We’ve been putting together these “Games You Might Have Missed” lists for a long time now, trying to surface deserving indies you might’ve overlooked. It gets harder every year though—to narrow it down, I mean. There are just so many games. We logged over 300 review codes in 2019, and that’s still a tiny fraction of what actually released. Even shouting out 30 indie games a year doesn’t feel like enough anymore.
All we can do is try, though. Below, you’ll find 15 fantastic indie games from the second half of 2019. Rhythm games, visual novels, frogs and alligators, skateboarding—it’s a rich and varied cross-section of the industry, and I’m certain you’ll find something worth taking a chance on. Though if you don’t…well, there’s our list of great indie games from the first half of the year as well, not to mention our Game of the Year list. That’s like, 45 great games from 2019.

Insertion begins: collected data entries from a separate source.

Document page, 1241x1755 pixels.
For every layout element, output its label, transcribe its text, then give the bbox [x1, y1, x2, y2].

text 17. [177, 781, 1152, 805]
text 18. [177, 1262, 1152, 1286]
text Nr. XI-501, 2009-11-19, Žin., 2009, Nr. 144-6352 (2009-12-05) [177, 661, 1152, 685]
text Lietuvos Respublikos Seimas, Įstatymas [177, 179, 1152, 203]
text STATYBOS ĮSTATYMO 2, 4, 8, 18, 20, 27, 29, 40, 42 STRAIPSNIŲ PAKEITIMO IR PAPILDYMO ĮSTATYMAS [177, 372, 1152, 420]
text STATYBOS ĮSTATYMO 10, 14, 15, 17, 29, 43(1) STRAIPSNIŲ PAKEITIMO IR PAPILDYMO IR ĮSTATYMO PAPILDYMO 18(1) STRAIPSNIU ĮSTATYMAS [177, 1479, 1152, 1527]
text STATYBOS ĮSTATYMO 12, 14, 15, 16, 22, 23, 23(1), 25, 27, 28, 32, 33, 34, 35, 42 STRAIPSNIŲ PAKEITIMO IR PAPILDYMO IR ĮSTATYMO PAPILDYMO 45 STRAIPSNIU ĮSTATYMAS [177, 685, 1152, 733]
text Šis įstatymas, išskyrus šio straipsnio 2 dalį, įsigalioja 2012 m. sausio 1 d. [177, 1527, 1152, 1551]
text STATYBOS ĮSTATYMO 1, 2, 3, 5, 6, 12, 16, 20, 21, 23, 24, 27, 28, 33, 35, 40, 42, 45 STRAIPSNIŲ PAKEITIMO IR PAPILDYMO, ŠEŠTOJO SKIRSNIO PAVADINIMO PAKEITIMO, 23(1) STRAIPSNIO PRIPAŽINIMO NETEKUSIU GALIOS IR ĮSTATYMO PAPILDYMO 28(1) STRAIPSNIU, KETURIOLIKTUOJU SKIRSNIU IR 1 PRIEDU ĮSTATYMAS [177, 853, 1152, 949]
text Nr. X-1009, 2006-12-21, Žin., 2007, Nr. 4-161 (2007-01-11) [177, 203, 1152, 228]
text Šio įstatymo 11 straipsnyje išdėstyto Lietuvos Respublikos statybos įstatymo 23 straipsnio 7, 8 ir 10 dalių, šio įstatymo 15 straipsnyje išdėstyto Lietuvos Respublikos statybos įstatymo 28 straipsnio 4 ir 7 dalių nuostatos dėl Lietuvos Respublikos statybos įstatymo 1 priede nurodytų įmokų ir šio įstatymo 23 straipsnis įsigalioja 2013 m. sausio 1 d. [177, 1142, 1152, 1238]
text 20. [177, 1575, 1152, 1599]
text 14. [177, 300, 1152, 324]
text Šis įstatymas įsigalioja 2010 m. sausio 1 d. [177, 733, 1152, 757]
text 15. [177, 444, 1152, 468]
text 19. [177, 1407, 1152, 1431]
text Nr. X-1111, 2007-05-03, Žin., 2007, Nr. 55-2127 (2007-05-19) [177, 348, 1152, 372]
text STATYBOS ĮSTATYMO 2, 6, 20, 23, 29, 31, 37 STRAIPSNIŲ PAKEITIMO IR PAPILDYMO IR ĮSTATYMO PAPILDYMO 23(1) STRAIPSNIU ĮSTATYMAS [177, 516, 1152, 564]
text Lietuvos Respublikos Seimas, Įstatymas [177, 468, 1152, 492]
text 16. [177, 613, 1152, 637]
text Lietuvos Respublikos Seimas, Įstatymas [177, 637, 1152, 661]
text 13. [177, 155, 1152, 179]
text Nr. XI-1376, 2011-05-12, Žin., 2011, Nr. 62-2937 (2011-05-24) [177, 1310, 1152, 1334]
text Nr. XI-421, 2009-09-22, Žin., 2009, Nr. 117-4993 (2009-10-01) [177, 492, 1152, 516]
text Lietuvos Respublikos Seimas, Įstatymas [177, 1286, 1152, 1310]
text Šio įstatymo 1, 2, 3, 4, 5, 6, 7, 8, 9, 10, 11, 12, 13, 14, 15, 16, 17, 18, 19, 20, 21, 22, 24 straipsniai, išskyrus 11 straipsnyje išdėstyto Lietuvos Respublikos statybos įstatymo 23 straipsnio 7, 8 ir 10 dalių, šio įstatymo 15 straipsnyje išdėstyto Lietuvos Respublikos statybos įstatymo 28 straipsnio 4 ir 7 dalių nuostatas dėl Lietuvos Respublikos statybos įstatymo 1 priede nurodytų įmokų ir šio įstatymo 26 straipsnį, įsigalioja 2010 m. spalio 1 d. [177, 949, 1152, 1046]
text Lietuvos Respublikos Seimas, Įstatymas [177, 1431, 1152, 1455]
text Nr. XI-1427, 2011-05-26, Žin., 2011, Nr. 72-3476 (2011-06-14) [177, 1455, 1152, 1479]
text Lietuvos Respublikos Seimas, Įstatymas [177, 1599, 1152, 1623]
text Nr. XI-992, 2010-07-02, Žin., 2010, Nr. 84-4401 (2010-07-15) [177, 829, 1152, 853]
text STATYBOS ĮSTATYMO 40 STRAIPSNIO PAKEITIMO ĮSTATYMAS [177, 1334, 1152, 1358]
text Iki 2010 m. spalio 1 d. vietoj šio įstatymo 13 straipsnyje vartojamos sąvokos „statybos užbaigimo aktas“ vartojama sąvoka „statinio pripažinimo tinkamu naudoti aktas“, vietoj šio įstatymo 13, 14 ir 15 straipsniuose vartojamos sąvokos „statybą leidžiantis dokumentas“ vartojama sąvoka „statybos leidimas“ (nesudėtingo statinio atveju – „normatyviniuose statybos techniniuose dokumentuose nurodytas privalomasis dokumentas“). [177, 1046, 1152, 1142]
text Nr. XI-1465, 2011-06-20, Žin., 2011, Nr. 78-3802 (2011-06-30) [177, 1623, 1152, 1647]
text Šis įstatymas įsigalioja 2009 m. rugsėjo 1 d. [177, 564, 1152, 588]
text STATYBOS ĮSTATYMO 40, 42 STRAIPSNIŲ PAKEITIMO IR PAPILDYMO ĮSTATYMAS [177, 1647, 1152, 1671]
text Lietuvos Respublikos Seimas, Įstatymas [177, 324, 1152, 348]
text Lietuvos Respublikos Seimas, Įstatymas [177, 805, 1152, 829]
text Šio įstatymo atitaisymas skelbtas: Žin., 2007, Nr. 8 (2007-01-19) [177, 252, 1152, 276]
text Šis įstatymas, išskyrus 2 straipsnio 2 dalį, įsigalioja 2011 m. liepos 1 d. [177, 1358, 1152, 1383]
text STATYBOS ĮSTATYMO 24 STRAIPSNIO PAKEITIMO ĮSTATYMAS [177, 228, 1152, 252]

Now if only there were more hours in a day.
Wilmot’s Warehouse
Wilmot’s Warehouse is a game about the joys of organizing. You’ve got a big ol’ room, a growing inventory of colorful boxes, and a bunch of demanding customers. Arrange your boxes however you’d like, whether by color, by shape, by theme. It doesn’t matter, so long as you can summon their location at a moment’s notice and drag them out of the lineup.
It sounds stressful, but I found Wilmot’s Warehouse surprisingly calming. Like unpacking after a move, it’s soothing to discover that everything has its place, that you can impose some order on the chaos with a bit of time and devotion.
Frog Detective 2: The Case of the Invisible Wizard
“Good thing crime’s not real.” Of all the jokes in Frog Detective 2, that one maybe got the biggest laugh out of me. It strikes at the heart of the series, one wherein you play as the titular Frog Detective—and yet your cases always end with a heartfelt apology and a dance party. There’s nothing sinister, no conspiracy and no bodies and no murder weapons. Just funny goofs and a cast of oddball animals to chat with.
The writing is good for more than a few blow-air-out-your-nose moments and at least one or two solid chuckles, and then an hour later it’s over. It’s perfect, and I hope Frog Detective turns into an annual tradition.
Sayonara Wild Hearts
Sayonara Wild Hearts is a jaw-dropping spectacle, and I wish it let you sit back and enjoy that fact more. Essentially a music video with a rhythm game aspect, all I wanted to do was watch the action and hit a button every once in a while. Instead I was constantly aware of the points I was earning, the rankings I received at the end of every level, and the breaks in the action that coincided with kicking me back to the menu.
After finishing once—it’s only an hour or so—you unlock a mode that just jams every level back to back and only ranks you at the end. I can’t help wishing this was the first encounter I’d had with Sayonara Wild Hearts, a more relaxing experience that focuses on the artistry. Still, it’s a beautiful piece of work if you can turn off the perfectionist part of your brain.
Eliza
For years, Zachtronics has built tough puzzle games within elaborate story frameworks. Way more elaborate than most puzzle games attempt, really.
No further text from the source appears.